Peeking through the fabric panels of the French doors, the scene had changed from the waiting room to the interior of his aunt’s house. The ladder had become the pull-down attic stairs.

Before the waker could assess his lucidity, or tear an encrusted eyelid from his pillowcase, he saw her dash up the slatted attic steps like a whitish bat! Paralyzed, he listened for feet to land on the cracking timbers above, but the blow did not come.

What he had seen, in full possession of his wits, was not an infirm woman or wafting ghost. Some burly someone—a matronly cross-dresser—was in his house and charging up the collapsible stairs, and with thundering steps so close and fast together he could imagine no human producing them!

A lull in the wind amplified the quiet that rushed back on these booming blows, yet the resident could not dispense with the paroxysm. Courage was gathered and he crept with trepidation into the unlit hall. Should whoever shot up these attic steps see better than he, it was likely this person stood in the open hatch and stared down at him.

He dared to grope the treads of the ladder, though in search for the tread that gave way under his foot previously. It was in the same relative position that he left it. Had someone stormed up this ladder as fiercely as he supposed, then they would have met with this shattered step and lost their footing. The tread, should it remain attached, would be dangling by a nail, but nothing like this was discovered.
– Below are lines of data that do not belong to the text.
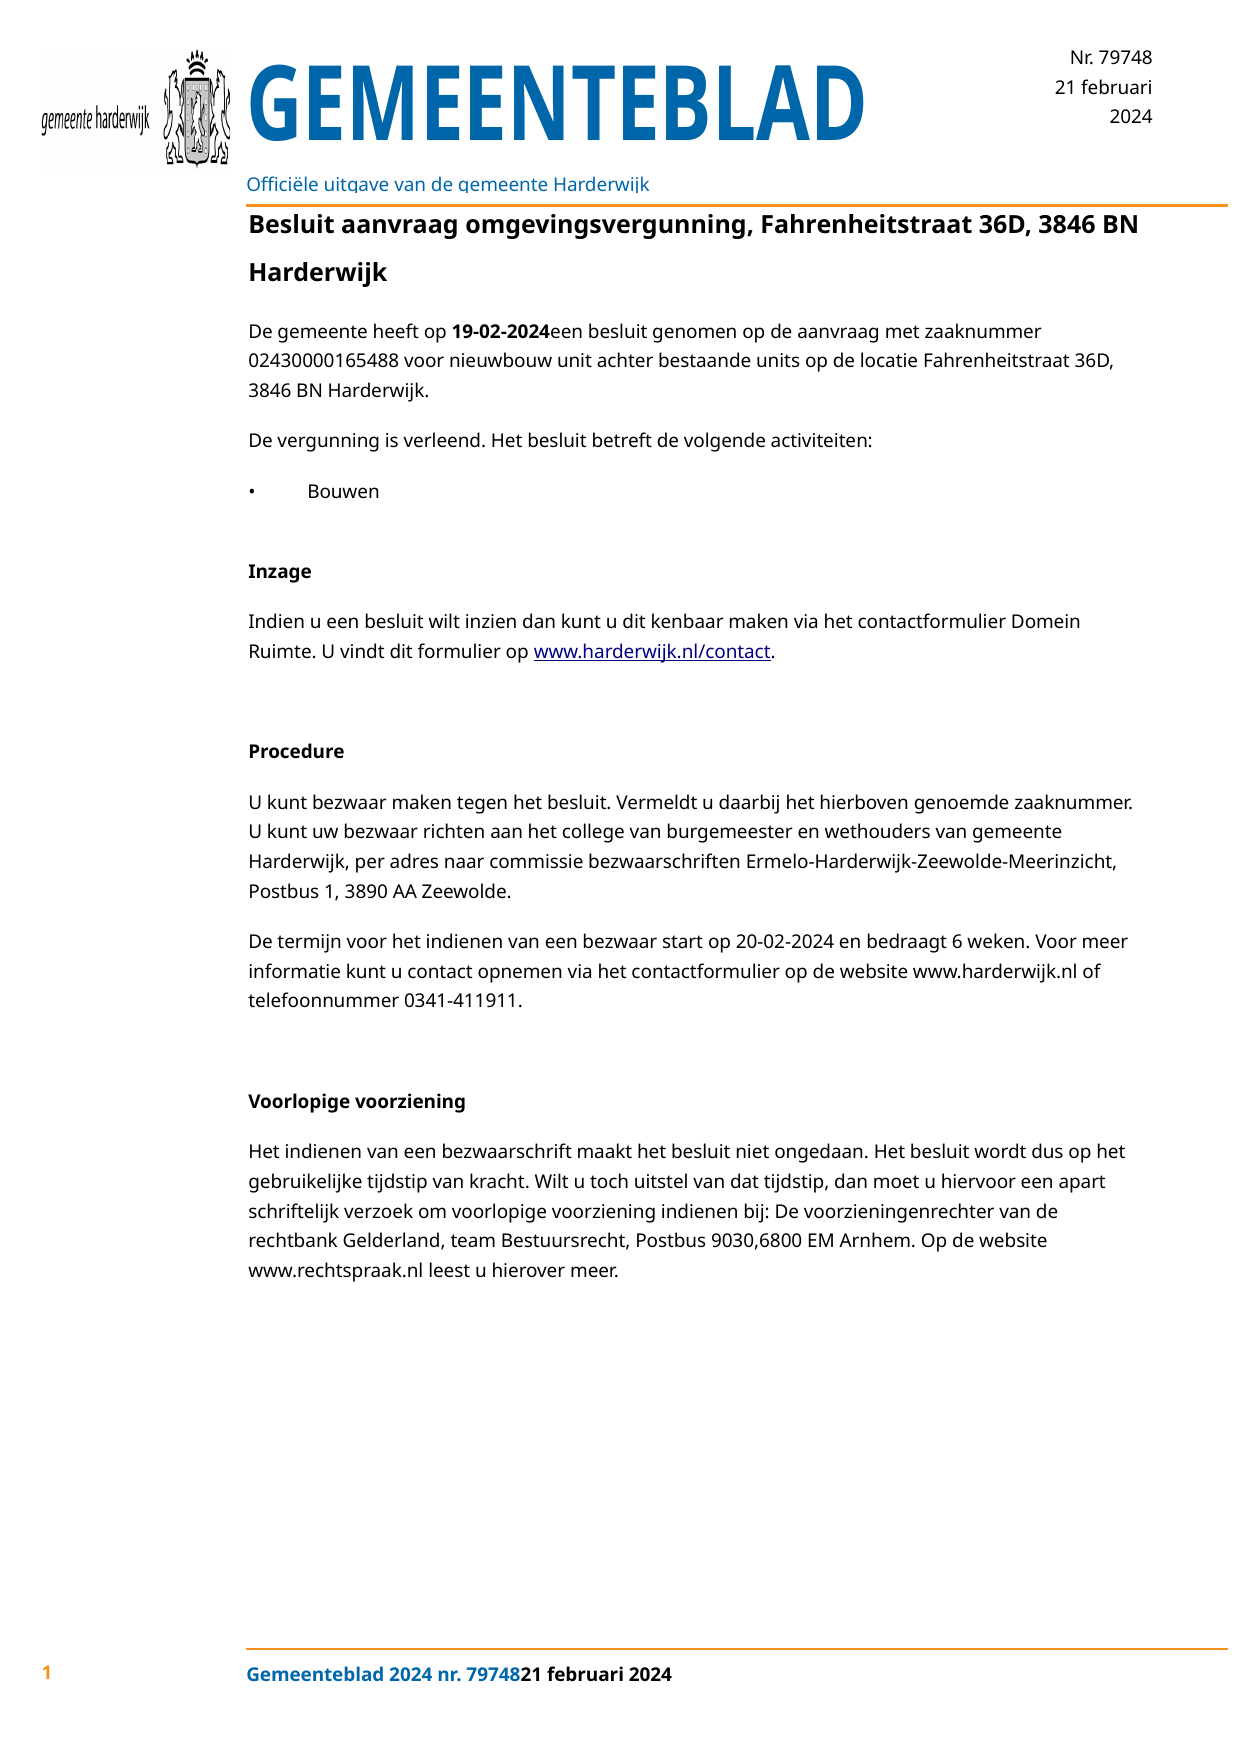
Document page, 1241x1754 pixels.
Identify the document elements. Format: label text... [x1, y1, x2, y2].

text Procedure [248, 739, 1152, 764]
text Voorlopige voorziening [248, 1088, 1152, 1114]
list Bouwen [248, 478, 1152, 504]
text Besluit aanvraag omgevingsvergunning, Fahrenheitstraat 36D, 3846 BN Harderwijk [248, 207, 1152, 288]
text U kunt bezwaar maken tegen het besluit. Vermeldt u daarbij het hierboven genoemde zaaknummer. U kunt uw bezwaar richten aan het college van burgemeester en wethouders van gemeente Harderwijk, per adres naar commissie bezwaarschriften Ermelo-Harderwijk-Zeewolde-Meerinzicht, Postbus 1, 3890 AA Zeewolde. [248, 789, 1152, 904]
text Het indienen van een bezwaarschrift maakt het besluit niet ongedaan. Het besluit wordt dus op het gebruikelijke tijdstip van kracht. Wilt u toch uitstel van dat tijdstip, dan moet u hiervoor een apart schriftelijk verzoek om voorlopige voorziening indienen bij: De voorzieningenrechter van de rechtbank Gelderland, team Bestuursrecht, Postbus 9030,6800 EM Arnhem. Op de website www.rechtspraak.nl leest u hierover meer. [248, 1139, 1152, 1283]
picture [41, 47, 231, 172]
text De gemeente heeft op 19-02-2024een besluit genomen op de aanvraag met zaaknummer 02430000165488 voor nieuwbouw unit achter bestaande units op de locatie Fahrenheitstraat 36D, 3846 BN Harderwijk. [248, 318, 1152, 403]
text De termijn voor het indienen van een bezwaar start op 20-02-2024 en bedraagt 6 weken. Voor meer informatie kunt u contact opnemen via het contactformulier op de website www.harderwijk.nl of telefoonnummer 0341-411911. [248, 928, 1152, 1013]
text De vergunning is verleend. Het besluit betreft de volgende activiteiten: [248, 427, 1152, 453]
text Indien u een besluit wilt inzien dan kunt u dit kenbaar maken via het contactformulier Domein Ruimte. U vindt dit formulier op www.harderwijk.nl/contact. [248, 608, 1152, 664]
text Inzage [248, 558, 1152, 584]

Relieved that his experience was merely a vile specimen of a nightmare, Liam stopped by the bathroom and turned on the overhead light. He was alarmed to see a white film over everything, and had forgot about the sodium chloride rubbed over his eyes. Washing them clear, he wondered if he had been sleeping with his eyes open.

The resident returned to bed with apprehension, yet was swiftly returned to sleep. First his mind was severed from the dream remnant and its queer, disassembled logic, and then his body from the sheet that tethered it, and him, to the undone bed.